Net neutrality is the principle that internet service providers should provide equal access to all lawful content on the internet, meaning no blocking sites and no speeding up or slowing down traffic to certain sites depending on whether they’re a competitor or not, for example. That isn’t just an abstract threat: Comcast really did slow down traffic to Netflix a few years ago until Netflix paid the company to restore full speeds. Unsurprisingly, rules protecting net neutrality have been opposed by internet service providers (ISPs) and their trade groups, and supported by websites like Netflix and Google and their trade groups. Generally, ISPs have argued net neutrality rules “stifle innovation” and force them to increase costs. Net neutrality’s supporters, meanwhile, argue that net neutrality is necessary to preserve the open and democratic character of the internet, and warn that without strong net neutrality rules, “ISPs can prevent users from visiting some websites,” or “even redirect users from one website to a competing website.”
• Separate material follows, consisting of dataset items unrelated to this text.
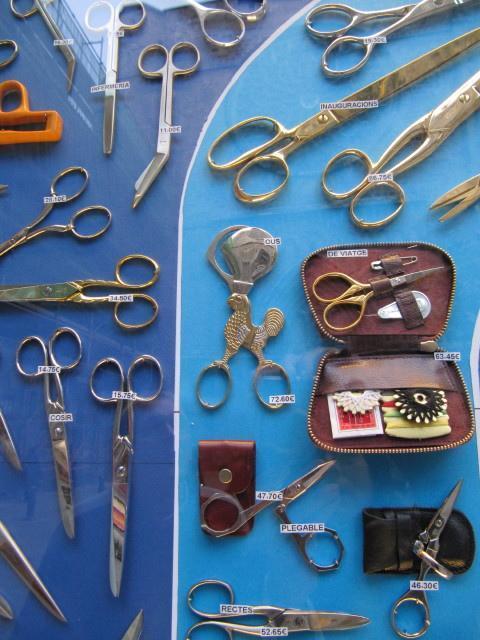How many scissors can you see?
Give a very brief answer. 14. How many little elephants are in the image?
Give a very brief answer. 0. 
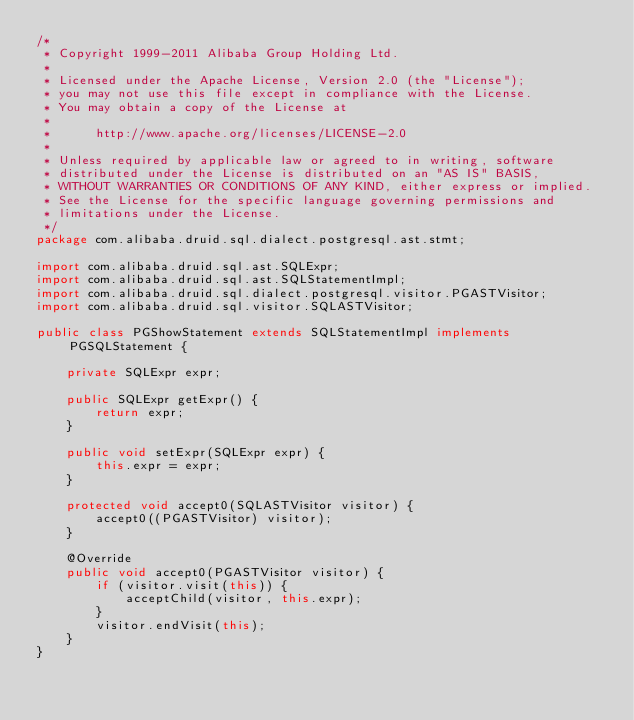<code> <loc_0><loc_0><loc_500><loc_500><_Java_>/*
 * Copyright 1999-2011 Alibaba Group Holding Ltd.
 *
 * Licensed under the Apache License, Version 2.0 (the "License");
 * you may not use this file except in compliance with the License.
 * You may obtain a copy of the License at
 *
 *      http://www.apache.org/licenses/LICENSE-2.0
 *
 * Unless required by applicable law or agreed to in writing, software
 * distributed under the License is distributed on an "AS IS" BASIS,
 * WITHOUT WARRANTIES OR CONDITIONS OF ANY KIND, either express or implied.
 * See the License for the specific language governing permissions and
 * limitations under the License.
 */
package com.alibaba.druid.sql.dialect.postgresql.ast.stmt;

import com.alibaba.druid.sql.ast.SQLExpr;
import com.alibaba.druid.sql.ast.SQLStatementImpl;
import com.alibaba.druid.sql.dialect.postgresql.visitor.PGASTVisitor;
import com.alibaba.druid.sql.visitor.SQLASTVisitor;

public class PGShowStatement extends SQLStatementImpl implements PGSQLStatement {

    private SQLExpr expr;

    public SQLExpr getExpr() {
        return expr;
    }

    public void setExpr(SQLExpr expr) {
        this.expr = expr;
    }

    protected void accept0(SQLASTVisitor visitor) {
        accept0((PGASTVisitor) visitor);
    }

    @Override
    public void accept0(PGASTVisitor visitor) {
        if (visitor.visit(this)) {
            acceptChild(visitor, this.expr);
        }
        visitor.endVisit(this);
    }
}
</code> 
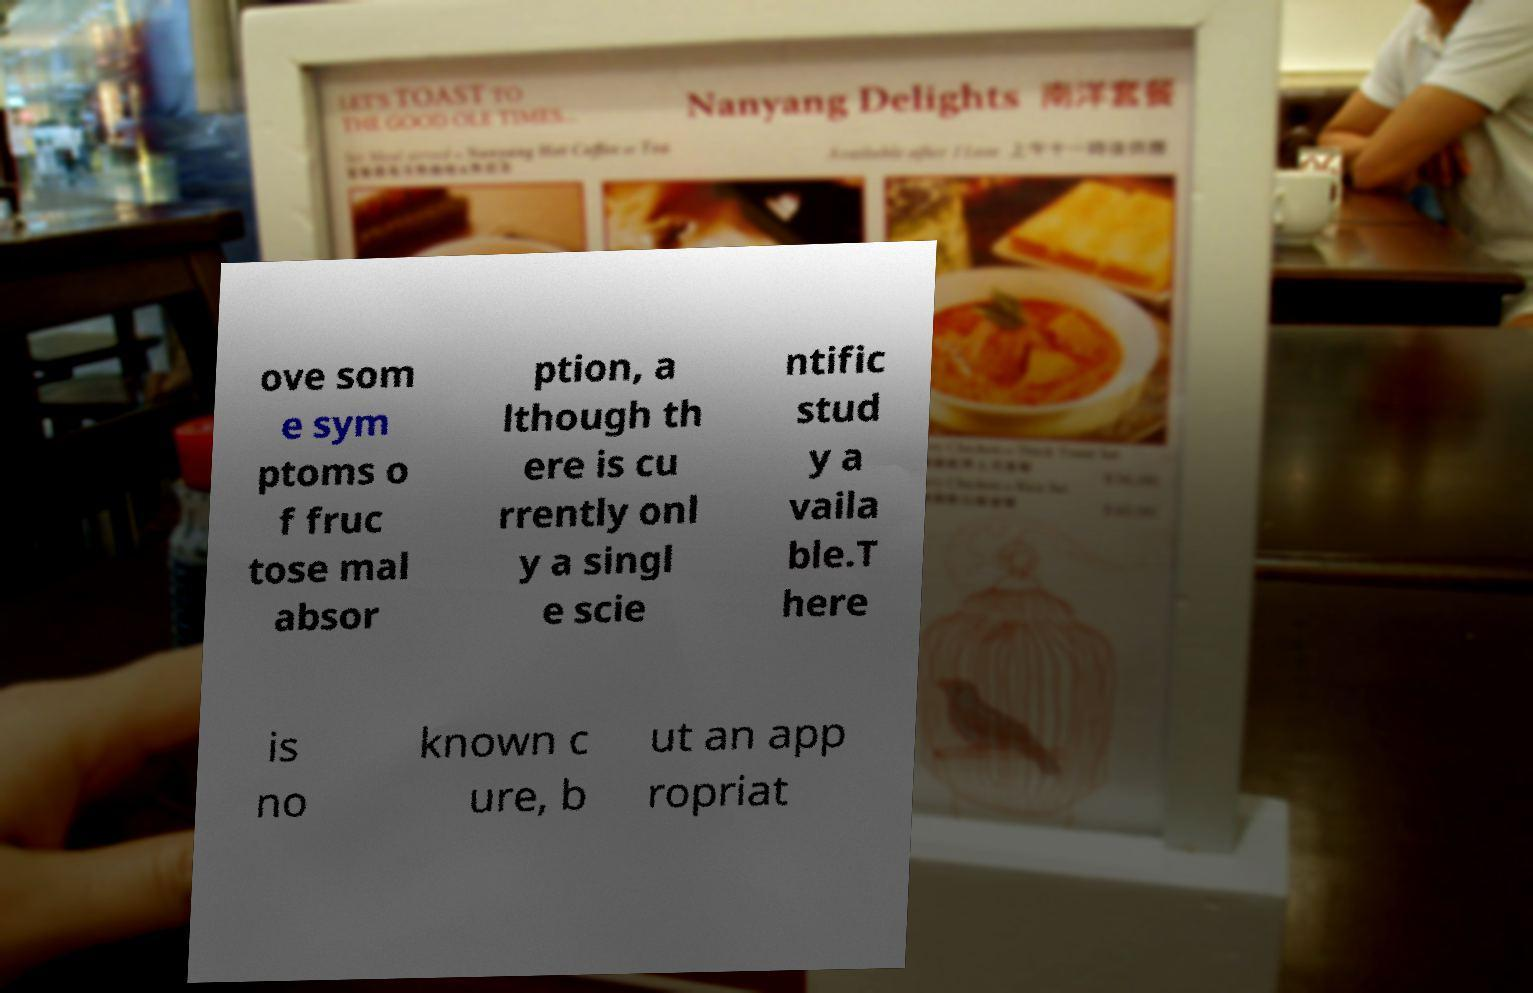Can you read and provide the text displayed in the image?This photo seems to have some interesting text. Can you extract and type it out for me? ove som e sym ptoms o f fruc tose mal absor ption, a lthough th ere is cu rrently onl y a singl e scie ntific stud y a vaila ble.T here is no known c ure, b ut an app ropriat

The basic principles of net neutrality were enshrined in law by Obama’s FCC in 2015 when it issued the Open Internet Order. There are two basic bits to this. First, the order reclassified broadband providers as “common carriers” under Title II of the Telecommunications Act, which took them out of Federal Trade Commission (FTC) jurisdiction and put them under the FCC’s purview. Common carriers are services that carry traffic “without discrimination or interference, like telephone service.” (This is why you often hear that the order classified ISPs as utilities. That description isn’t quite accurate, but it is basically right.) Second, the order established “bright line” rules about things internet providers couldn’t do, such as paid prioritization or blocking for certain websites.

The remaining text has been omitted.